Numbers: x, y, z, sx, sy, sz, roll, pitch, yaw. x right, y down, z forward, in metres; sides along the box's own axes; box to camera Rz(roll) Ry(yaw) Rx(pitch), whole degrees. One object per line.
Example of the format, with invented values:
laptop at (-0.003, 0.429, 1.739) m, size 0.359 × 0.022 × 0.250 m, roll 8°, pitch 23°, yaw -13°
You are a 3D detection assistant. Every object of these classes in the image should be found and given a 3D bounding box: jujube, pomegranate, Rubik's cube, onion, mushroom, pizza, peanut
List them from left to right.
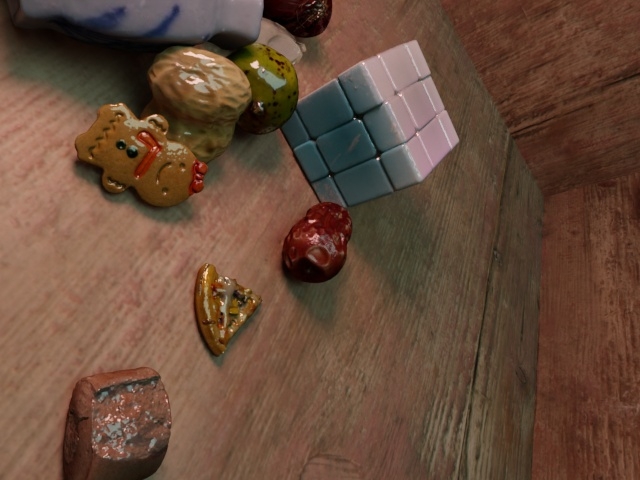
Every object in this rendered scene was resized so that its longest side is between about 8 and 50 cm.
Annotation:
peanut at (-0.246, -0.254, 0.860) m, size 0.197 × 0.233 × 0.110 m, roll 8°, pitch 38°, yaw -32°
pizza at (-0.181, 0.145, 0.910) m, size 0.176 × 0.036 × 0.184 m, roll 12°, pitch 69°, yaw -45°
mushroom at (-0.192, -0.516, 1.063) m, size 0.352 × 0.097 × 0.109 m, roll 10°, pitch 40°, yaw -42°
pomegranate at (-0.162, -0.357, 1.004) m, size 0.246 × 0.198 × 0.198 m, roll 46°, pitch 35°, yaw 23°
onion at (-0.074, -0.669, 1.171) m, size 0.281 × 0.281 × 0.221 m, roll 29°, pitch 101°, yaw -39°
jujube at (0.000, 0.000, 1.079) m, size 0.155 × 0.155 × 0.230 m, roll 56°, pitch 34°, yaw -19°
Rubik's cube at (0.135, -0.303, 1.191) m, size 0.319 × 0.322 × 0.315 m, roll -43°, pitch 111°, yaw -45°

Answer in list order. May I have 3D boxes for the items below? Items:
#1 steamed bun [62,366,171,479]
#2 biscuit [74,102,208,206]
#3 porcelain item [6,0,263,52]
steamed bun at (-0.304, 0.288, 0.675) m, size 0.145 × 0.107 × 0.174 m, roll 8°, pitch 69°, yaw -46°
biscuit at (-0.316, -0.143, 0.799) m, size 0.225 × 0.036 × 0.165 m, roll 40°, pitch 83°, yaw -36°
porcelain item at (-0.322, -0.444, 0.790) m, size 0.406 × 0.243 × 0.178 m, roll -12°, pitch 109°, yaw -37°
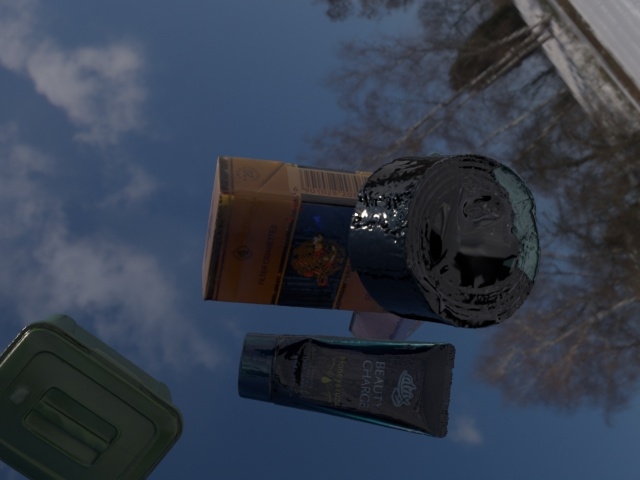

########################################

Prompt - Copy only what runs above from the line containing "laptop at (-0.003, 0.429, 1.739)" through the line containing "#2 biscuit [74,102,208,206]", exactly. Leave out the pictures.

Expected answer -
laptop at (-0.003, 0.429, 1.739) m, size 0.359 × 0.022 × 0.250 m, roll 8°, pitch 23°, yaw -13°
You are a 3D detection assistant. Every object of these classes in the image should be found and given a 3D bounding box: jujube, pomegranate, Rubik's cube, onion, mushroom, pizza, peanut
List them from left to right.
Every object in this rendered scene was resized so that its longest side is between about 8 and 50 cm.
Annotation:
peanut at (-0.246, -0.254, 0.860) m, size 0.197 × 0.233 × 0.110 m, roll 8°, pitch 38°, yaw -32°
pizza at (-0.181, 0.145, 0.910) m, size 0.176 × 0.036 × 0.184 m, roll 12°, pitch 69°, yaw -45°
mushroom at (-0.192, -0.516, 1.063) m, size 0.352 × 0.097 × 0.109 m, roll 10°, pitch 40°, yaw -42°
pomegranate at (-0.162, -0.357, 1.004) m, size 0.246 × 0.198 × 0.198 m, roll 46°, pitch 35°, yaw 23°
onion at (-0.074, -0.669, 1.171) m, size 0.281 × 0.281 × 0.221 m, roll 29°, pitch 101°, yaw -39°
jujube at (0.000, 0.000, 1.079) m, size 0.155 × 0.155 × 0.230 m, roll 56°, pitch 34°, yaw -19°
Rubik's cube at (0.135, -0.303, 1.191) m, size 0.319 × 0.322 × 0.315 m, roll -43°, pitch 111°, yaw -45°

Answer in list order. May I have 3D boxes for the items below? Items:
#1 steamed bun [62,366,171,479]
#2 biscuit [74,102,208,206]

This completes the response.